You can't keep audit logs forever. When disk fills up, old entries have to go. In a DB you'd run DELETE FROM logs WHERE ts < cutoff and later vacuum to reclaim the space. Quipu-Log doesn't work that way. Instead it unlinks entire segment files. Let's look at why that approach is dramatically simpler and faster, and at the reason behind the choice to never delete the registry.
The retention policy unlinks old sealed segments whole — no row-level deletion or rewriting, the registry is preserved, and the active segment is never touched.

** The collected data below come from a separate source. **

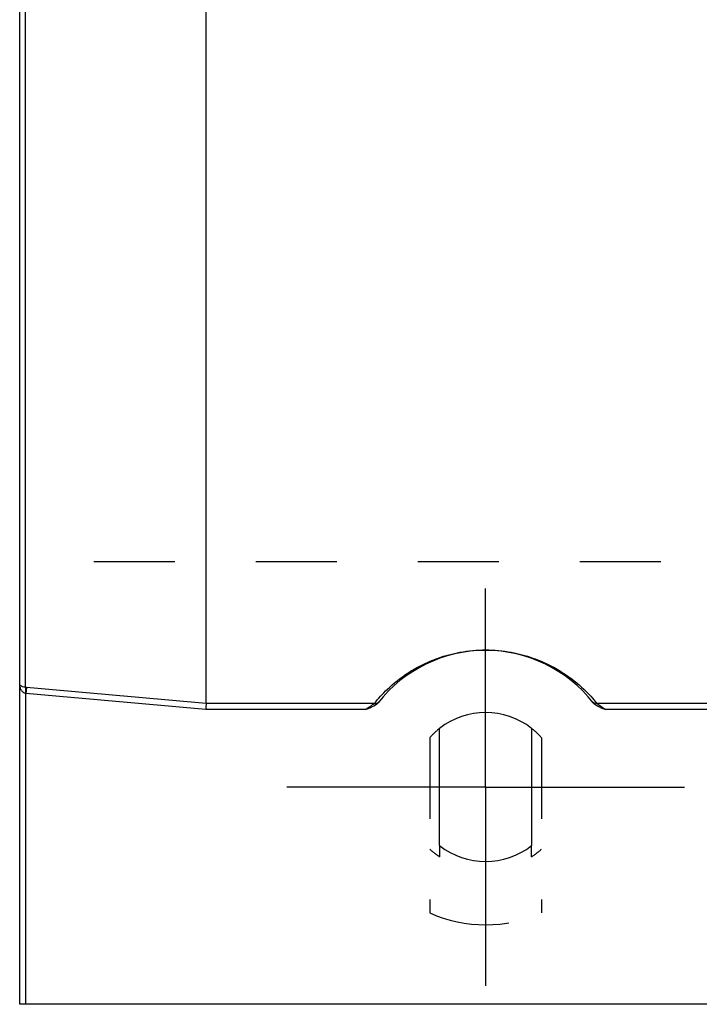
# Model space of a CAD drawing. Header units: millimetres. Extents: x 397 to 603, y 380 to 620.
# Tile 1 of 10: x 402 to 457, y 385 to 464. Entities that reach past the tile are written whole.
import ezdxf

# ---------------------------------------------------------------- set-up
doc = ezdxf.new("R2010")
doc.units = ezdxf.units.MM
doc.header["$LTSCALE"] = 65.185185
doc.linetypes.add('CENTER', pattern=[0.6, 0.375, -0.075, 0.075, -0.075])
doc.linetypes.add('HIDDEN', pattern=[0.2, 0.1, -0.1])
for name, color, linetype in [('FLAECHEN', 7, 'CONTINUOUS'), ('KOERPER', 7, 'CONTINUOUS'), ('KONST.EL_MIT_GEO', 7, 'CONTINUOUS')]:
    doc.layers.add(name, color=color, linetype=linetype)

msp = doc.modelspace()

# ---------------------------------------------------------------- linework, layer by layer
at = {"layer": 'FLAECHEN', "color": 8, "linetype": 'HIDDEN'}
msp.add_line((597.5, 420.627), (402.5, 420.627), dxfattribs=at)
at = {"layer": 'KOERPER', "color": 7, "linetype": 'Continuous'}
for p, q in [((436.3, 397.777), (436.3, 407.223)), ((443.7, 407.223), (443.7, 397.777))]:
    msp.add_line(p, q, dxfattribs=at)
at = {"layer": 'KOERPER', "color": 8, "linetype": 'HIDDEN'}
for p, q in [((435.5, 406.469), (435.5, 392.358)), ((444.5, 406.469), (444.5, 392.358)), ((436.3, 397.777), (436.3, 396.881)), ((443.7, 396.881), (443.7, 397.777))]:
    msp.add_line(p, q, dxfattribs=at)
at = {"layer": 'KOERPER', "color": 7, "linetype": 'Continuous'}
for start, end in [(51.92688, 128.07312), (231.92688, 308.07312)]:
    msp.add_arc((440, 402.5), 6, start, end, dxfattribs=at)
at = {"layer": 'KOERPER', "color": 8, "linetype": 'HIDDEN'}
for radius, start, end in [(6, 128.07312, 138.59038), (6, 41.40962, 51.92688), (6.728, 228.02144, 236.63673), (6.728, 303.36327, 311.97856)]:
    msp.add_arc((440, 402.5), radius, start, end, dxfattribs=at)
at = {"layer": 'KONST.EL_MIT_GEO', "color": 7, "linetype": 'Continuous'}
for p, q in [((402.5, 385), (402.5, 615)), ((402.956, 410.531), (402.956, 589.469)), ((417.5, 409.214), (417.5, 492.69)), ((403.044, 410.524), (403, 410.043)), ((403, 385), (403, 410.043)), ((431.03, 409.214), (417.5, 409.214)), ((551.03, 409.214), (448.97, 409.214)), ((430.334, 408.731), (417.478, 408.731)), ((550.334, 408.731), (449.666, 408.731)), ((597.5, 385), (402.5, 385))]:
    msp.add_line(p, q, dxfattribs=at)
at = {"layer": 'KONST.EL_MIT_GEO', "color": 2, "linetype": 'CENTER'}
for q in [(440, 418.5), (424, 402.5), (456, 402.5), (440, 386.5)]:
    msp.add_line((440, 402.5), q, dxfattribs=at)
at = {"layer": 'KONST.EL_MIT_GEO', "color": 7, "linetype": 'Continuous'}
for centre, radius, start, end in [((440, 402.5), 11, 38.1081, 141.8919), ((402.708, 406.827), 3.713, 84.81892, 86.16828), ((402.83, 409.109), 0.95, 79.71518, 82.376)]:
    msp.add_arc(centre, radius, start, end, dxfattribs=at)
at = {"layer": 'KONST.EL_MIT_GEO', "color": 8, "linetype": 'HIDDEN'}
msp.add_arc((440, 402.5), 11.096, 246.07335, 293.92665, dxfattribs=at)
at = {"layer": 'KONST.EL_MIT_GEO', "color": 7, "linetype": 'Continuous'}
for points, knots in [([(431.03, 409.214), (431.358, 409.624), (432.176, 410.517), (433.461, 411.539), (434.856, 412.351), (436.268, 412.957), (438.012, 413.422), (440, 413.603), (441.988, 413.422), (443.732, 412.957), (445.144, 412.351), (446.539, 411.539), (447.824, 410.517), (448.642, 409.624), (448.97, 409.214)], [0, 0, 0, 0, 0.076531, 0.175959, 0.237951, 0.311393, 0.399209, 0.500001, 0.600792, 0.688608, 0.76205, 0.824041, 0.923469, 1, 1, 1, 1]), ([(402.956, 410.05), (402.913, 410.056), (402.829, 410.085), (402.727, 410.164), (402.65, 410.26), (402.573, 410.398), (402.515, 410.584), (402.5, 410.738), (402.5, 410.815)], [0, 0, 0, 0, 0.138184, 0.270041, 0.396796, 0.520279, 0.761531, 1, 1, 1, 1]), ([(402.956, 410.531), (402.879, 410.535), (402.751, 410.557), (402.602, 410.632), (402.519, 410.719), (402.5, 410.785), (402.5, 410.815)], [0, 0, 0, 0, 0.397254, 0.662346, 0.849209, 1, 1, 1, 1]), ([(402.956, 410.531), (402.962, 410.509), (402.966, 410.449), (402.969, 410.341), (402.965, 410.204), (402.96, 410.103), (402.956, 410.05)], [0, 0, 0, 0, 0.141988, 0.372656, 0.668845, 1, 1, 1, 1]), ([(417.5, 409.214), (417.5, 409.205), (417.498, 409.182), (417.496, 409.123), (417.491, 409.025), (417.485, 408.886), (417.481, 408.785), (417.478, 408.731)], [0, 0, 0, 0, 0.0571, 0.139372, 0.370025, 0.667415, 1, 1, 1, 1]), ([(431.345, 409.289), (431.226, 409.137), (430.965, 408.979), (430.608, 408.833), (430.425, 408.766), (430.334, 408.731)], [0, 0, 0, 0, 0.49786, 0.748913, 1, 1, 1, 1]), ([(430.334, 408.731), (430.398, 408.78), (430.624, 408.95), (430.859, 409.107), (431.03, 409.214)], [0, 0, 0, 0, 0.282995, 1, 1, 1, 1]), ([(431.03, 409.214), (431.104, 409.21), (431.254, 409.235), (431.375, 409.328), (431.42, 409.384)], [0, 0, 0, 0, 0.505108, 1, 1, 1, 1]), ([(448.97, 409.214), (448.896, 409.21), (448.746, 409.235), (448.625, 409.328), (448.58, 409.384)], [0, 0, 0, 0, 0.505108, 1, 1, 1, 1]), ([(449.666, 408.731), (449.575, 408.766), (449.392, 408.833), (449.035, 408.979), (448.774, 409.137), (448.655, 409.289)], [0, 0, 0, 0, 0.251098, 0.502159, 1, 1, 1, 1]), ([(448.97, 409.214), (449.015, 409.186), (449.254, 409.034), (449.485, 408.871), (449.666, 408.731)], [0, 0, 0, 0, 0.191081, 1, 1, 1, 1])]:
    msp.add_open_spline(points, degree=3, knots=knots, dxfattribs=at)
for points in [[(417.478, 408.731), (412.652, 409.168), (407.826, 409.606), (403, 410.043)], [(417.5, 409.214), (412.681, 409.651), (407.862, 410.087), (403.044, 410.524)]]:
    msp.add_open_spline(points, degree=3, dxfattribs=at)

doc.saveas('drawing.dxf')

What you already know: DELETE + VACUUM vs. partition drop
In a relational DB, "deleting old rows" is actually two steps. DELETE FROM logs WHERE ts < cutoff only marks rows as dead tuples — it doesn't reclaim disk space immediately. Later, VACUUM cleans up dead tuples, and VACUUM FULL rewrites the table file itself to return the space. It's an O(n) operation proportional to table size, and the table is locked while it happens.
The smarter approach is a partition drop. If you set up monthly partitions like CREATE TABLE logs_2024_01 PARTITION OF logs, dropping January means just DROP TABLE logs_2024_01 — one line, O(1). That sets the file's inode reference count to zero and the OS reclaims the space immediately.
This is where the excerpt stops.